To do: Apart from the pictures, please restate every entry below exactly.
# # # # # # #
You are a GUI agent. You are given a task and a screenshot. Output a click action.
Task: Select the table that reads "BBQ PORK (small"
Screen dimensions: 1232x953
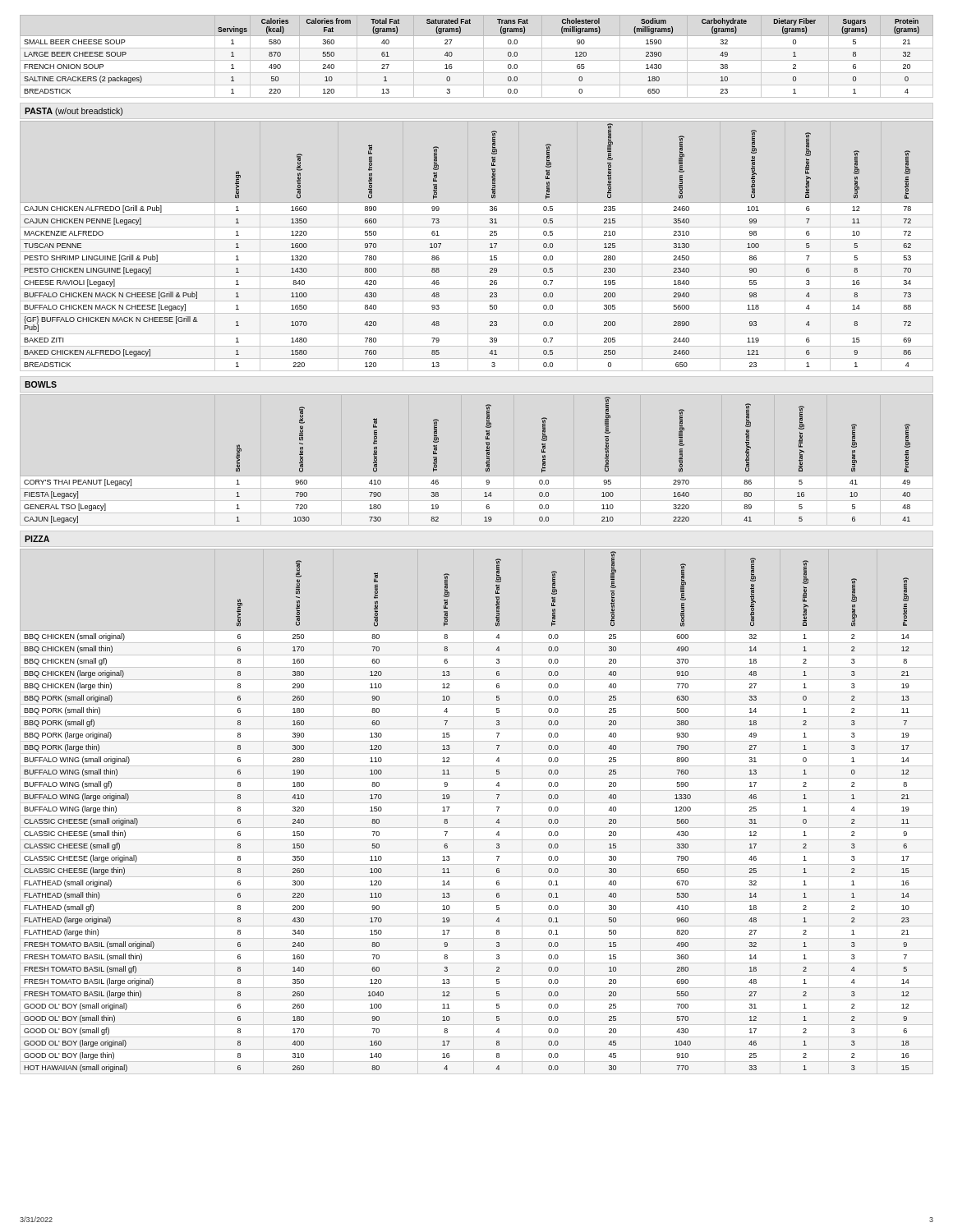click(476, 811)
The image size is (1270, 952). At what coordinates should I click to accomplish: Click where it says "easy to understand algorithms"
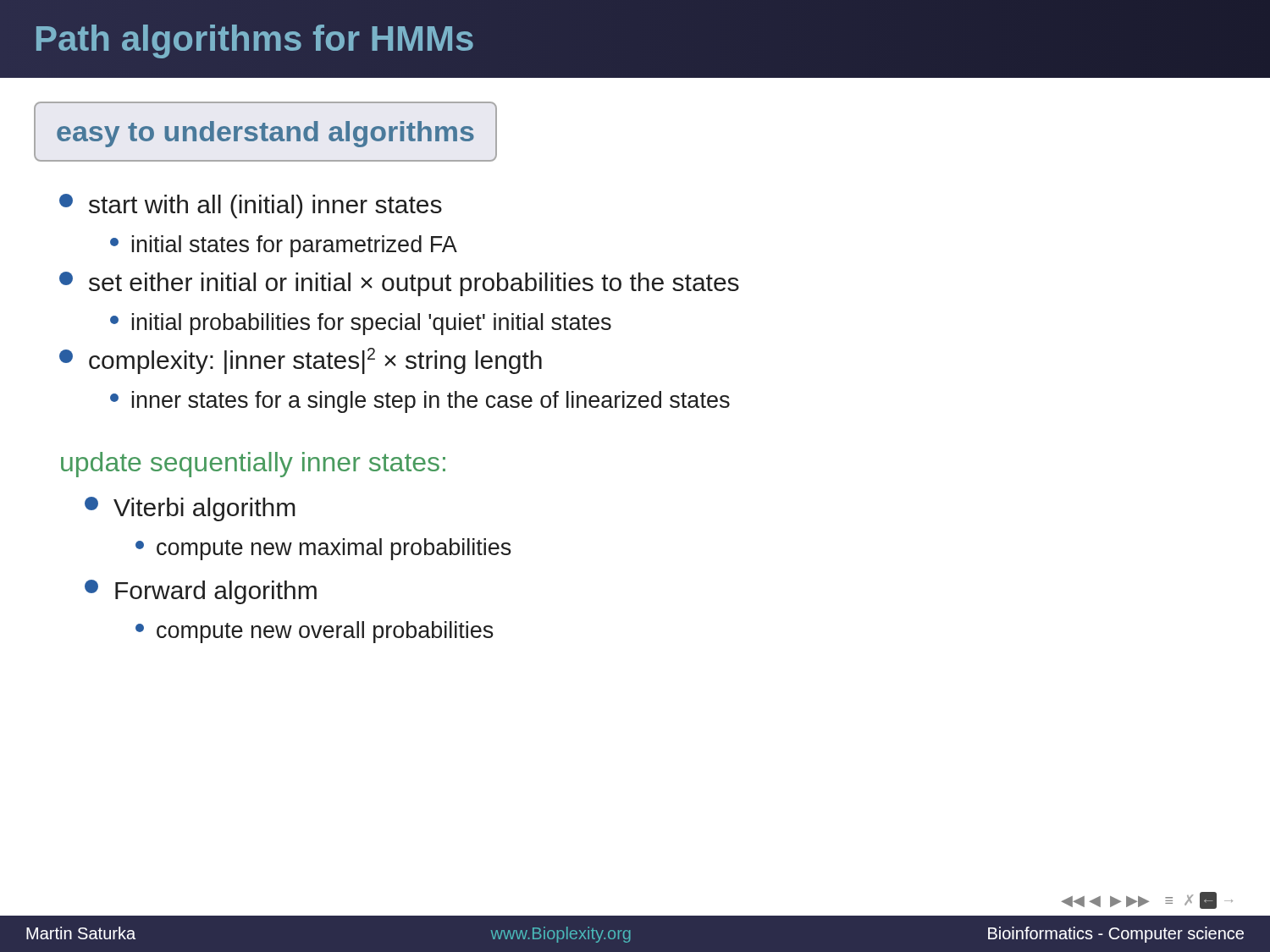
# # # # # # #
Completed exercise:
You are a GUI agent. You are given a task and a screenshot. Output a click action.
Task: Select the table that reads "BBQ PORK (small"
Screen dimensions: 1232x953
click(476, 811)
The image size is (1270, 952). At what coordinates should I click to accomplish: Click where it says "easy to understand algorithms"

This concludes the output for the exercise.